_MATERIALS PROVIDED_.
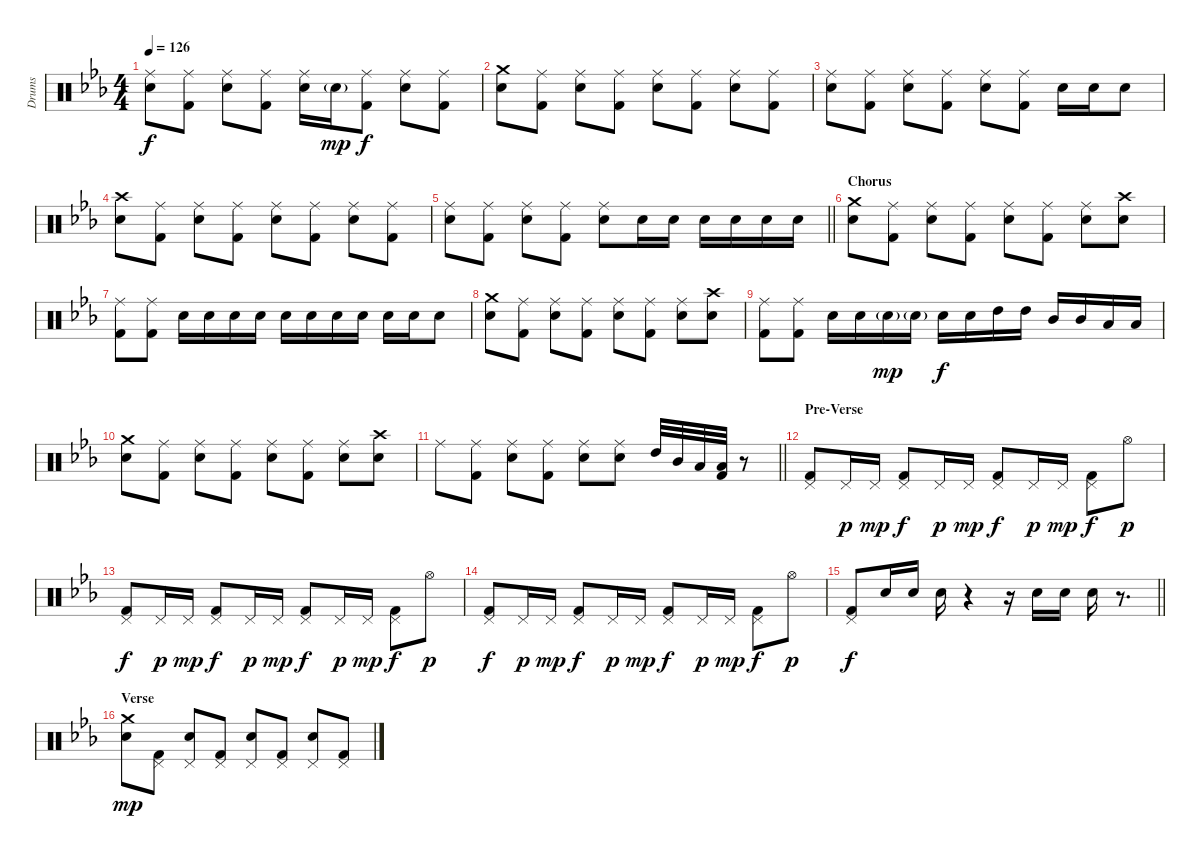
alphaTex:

\track ("Drums" "Drums") {instrument percussion}
\staff {score}
\articulation defaults
\ts (4 4)
\tempo 126
\clef neutral
\ks eb
("Ride (middle)" "Electric Snare (hit)").8{dy f} ("Ride (middle)" "Kick (hit) 2").8 ("Ride (middle)" "Electric Snare (hit)").8 ("Ride (middle)" "Kick (hit) 2").8 ("Ride (middle)" "Electric Snare (hit)").16 "Electric Snare (hit)"{g}.16{dy mp} ("Ride (middle)" "Kick (hit) 2").8{dy f} ("Ride (middle)" "Electric Snare (hit)").8 ("Ride (middle)" "Kick (hit) 2").8 |
("Crash medium (hit)" "Electric Snare (hit)").8 ("Ride (middle)" "Kick (hit) 2").8 ("Ride (middle)" "Electric Snare (hit)").8 ("Ride (middle)" "Kick (hit) 2").8 ("Ride (middle)" "Electric Snare (hit)").8 ("Ride (middle)" "Kick (hit) 2").8 ("Ride (middle)" "Electric Snare (hit)").8 ("Ride (middle)" "Kick (hit) 2").8 |
("Ride (middle)" "Electric Snare (hit)").8 ("Ride (middle)" "Kick (hit) 2").8 ("Ride (middle)" "Electric Snare (hit)").8 ("Ride (middle)" "Kick (hit) 2").8 ("Ride (middle)" "Electric Snare (hit)").8 ("Ride (middle)" "Kick (hit) 2").8 "Electric Snare (hit)".16 "Electric Snare (hit)".16 "Electric Snare (hit)".8 |
("Crash high (hit)" "Electric Snare (hit)").8 ("Ride (middle)" "Kick (hit) 2").8 ("Ride (middle)" "Electric Snare (hit)").8 ("Ride (middle)" "Kick (hit) 2").8 ("Ride (middle)" "Electric Snare (hit)").8 ("Ride (middle)" "Kick (hit) 2").8 ("Ride (middle)" "Electric Snare (hit)").8 ("Ride (middle)" "Kick (hit) 2").8 |
\barLineRight lightlight
("Ride (middle)" "Electric Snare (hit)").8 ("Ride (middle)" "Kick (hit) 2").8 ("Ride (middle)" "Electric Snare (hit)").8 ("Ride (middle)" "Kick (hit) 2").8 ("Ride (middle)" "Electric Snare (hit)").8 "Electric Snare (hit)".16 "Electric Snare (hit)".16 "Electric Snare (hit)".16 "Electric Snare (hit)".16 "Electric Snare (hit)".16 "Electric Snare (hit)".16 |
\section ("" "Chorus")
("Crash medium (hit)" "Electric Snare (hit)").8 ("Ride (middle)" "Kick (hit) 2").8 ("Ride (middle)" "Electric Snare (hit)").8 ("Ride (middle)" "Kick (hit) 2").8 ("Ride (middle)" "Electric Snare (hit)").8 ("Ride (middle)" "Kick (hit) 2").8 ("Ride (middle)" "Electric Snare (hit)").8 ("Crash high (hit)" "Electric Snare (hit)").8 |
("Ride (middle)" "Kick (hit) 2").8 ("Ride (middle)" "Kick (hit) 2").8 "Electric Snare (hit)".16 "Electric Snare (hit)".16 "Electric Snare (hit)".16 "Electric Snare (hit)".16 "Electric Snare (hit)".16 "Electric Snare (hit)".16 "Electric Snare (hit)".16 "Electric Snare (hit)".16 "Electric Snare (hit)".16 "Electric Snare (hit)".16 "Electric Snare (hit)".8 |
("Crash medium (hit)" "Electric Snare (hit)").8 ("Ride (middle)" "Kick (hit) 2").8 ("Ride (middle)" "Electric Snare (hit)").8 ("Ride (middle)" "Kick (hit) 2").8 ("Ride (middle)" "Electric Snare (hit)").8 ("Ride (middle)" "Kick (hit) 2").8 ("Ride (middle)" "Electric Snare (hit)").8 ("Crash high (hit)" "Electric Snare (hit)").8 |
("Ride (middle)" "Kick (hit) 2").8 ("Ride (middle)" "Kick (hit) 2").8 "Electric Snare (hit)".16 "Electric Snare (hit)".16 "Electric Snare (hit)"{g}.16{dy mp} "Electric Snare (hit)"{g}.16 "Electric Snare (hit)".16{dy f} "Electric Snare (hit)".16 "High Tom (hit)".16 "High Tom (hit)".16 "Mid Tom (hit)".16 "Mid Tom (hit)".16 "Low Tom (hit)".16 "Low Tom (hit)".16 |
("Crash medium (hit)" "Electric Snare (hit)").8 ("Ride (middle)" "Kick (hit) 2").8 ("Ride (middle)" "Electric Snare (hit)").8 ("Ride (middle)" "Kick (hit) 2").8 ("Ride (middle)" "Electric Snare (hit)").8 ("Ride (middle)" "Kick (hit) 2").8 ("Ride (middle)" "Electric Snare (hit)").8 ("Crash high (hit)" "Electric Snare (hit)").8 |
\barLineRight lightlight "Ride (middle)".8
("Ride (middle)" "Kick (hit) 2").8 ("Ride (middle)" "Electric Snare (hit)").8 ("Ride (middle)" "Kick (hit) 2").8 ("Ride (middle)" "Electric Snare (hit)").8 ("Ride (middle)" "Electric Snare (hit)").8 "High Tom (hit)".32 "Mid Tom (hit)".32 "Low Tom (hit)".32 ("Low Tom (hit)" "Kick (hit) 2").32 r.8 |
\section ("" "Pre-Verse")
("Pedal Hi-Hat (hit)" "Kick (hit) 2").8 "Pedal Hi-Hat (hit)".16{dy p} "Pedal Hi-Hat (hit)".16{dy mp} ("Pedal Hi-Hat (hit)" "Kick (hit) 2").8{dy f} "Pedal Hi-Hat (hit)".16{dy p} "Pedal Hi-Hat (hit)".16{dy mp} ("Pedal Hi-Hat (hit)" "Kick (hit) 2").8{dy f} "Pedal Hi-Hat (hit)".16{dy p} "Pedal Hi-Hat (hit)".16{dy mp} ("Pedal Hi-Hat (hit)" "Kick (hit) 2").8{dy f} "Hi-Hat (open)".8{dy p} |
("Pedal Hi-Hat (hit)" "Kick (hit) 2").8{dy f} "Pedal Hi-Hat (hit)".16{dy p} "Pedal Hi-Hat (hit)".16{dy mp} ("Pedal Hi-Hat (hit)" "Kick (hit) 2").8{dy f} "Pedal Hi-Hat (hit)".16{dy p} "Pedal Hi-Hat (hit)".16{dy mp} ("Pedal Hi-Hat (hit)" "Kick (hit) 2").8{dy f} "Pedal Hi-Hat (hit)".16{dy p} "Pedal Hi-Hat (hit)".16{dy mp} ("Pedal Hi-Hat (hit)" "Kick (hit) 2").8{dy f} "Hi-Hat (open)".8{dy p} |
("Pedal Hi-Hat (hit)" "Kick (hit) 2").8{dy f} "Pedal Hi-Hat (hit)".16{dy p} "Pedal Hi-Hat (hit)".16{dy mp} ("Pedal Hi-Hat (hit)" "Kick (hit) 2").8{dy f} "Pedal Hi-Hat (hit)".16{dy p} "Pedal Hi-Hat (hit)".16{dy mp} ("Pedal Hi-Hat (hit)" "Kick (hit) 2").8{dy f} "Pedal Hi-Hat (hit)".16{dy p} "Pedal Hi-Hat (hit)".16{dy mp} ("Pedal Hi-Hat (hit)" "Kick (hit) 2").8{dy f} "Hi-Hat (open)".8{dy p} |
\barLineRight lightlight
("Pedal Hi-Hat (hit)" "Kick (hit) 2").8{dy f} "Electric Snare (hit)".16 "Electric Snare (hit)".16 "Electric Snare (hit)".16 r.4 r.16 "Electric Snare (hit)".16 "Electric Snare (hit)".16 "Electric Snare (hit)".16 r.8{d} |
\section ("" "Verse")
("Crash medium (hit)" "Electric Snare (hit)").8{dy mp} ("Pedal Hi-Hat (hit)" "Kick (hit) 2").8 ("Pedal Hi-Hat (hit)" "Electric Snare (hit)").8 ("Pedal Hi-Hat (hit)" "Kick (hit) 2").8 ("Pedal Hi-Hat (hit)" "Electric Snare (hit)").8 ("Pedal Hi-Hat (hit)" "Kick (hit) 2").8 ("Pedal Hi-Hat (hit)" "Electric Snare (hit)").8 ("Pedal Hi-Hat (hit)" "Kick (hit) 2").8

_WHAT THE TASK ASKS_. Find each line in the material above that carries the string "section", and copy it.

_SOLUTION_.
\section ("" "Chorus")
\section ("" "Pre-Verse")
\section ("" "Verse")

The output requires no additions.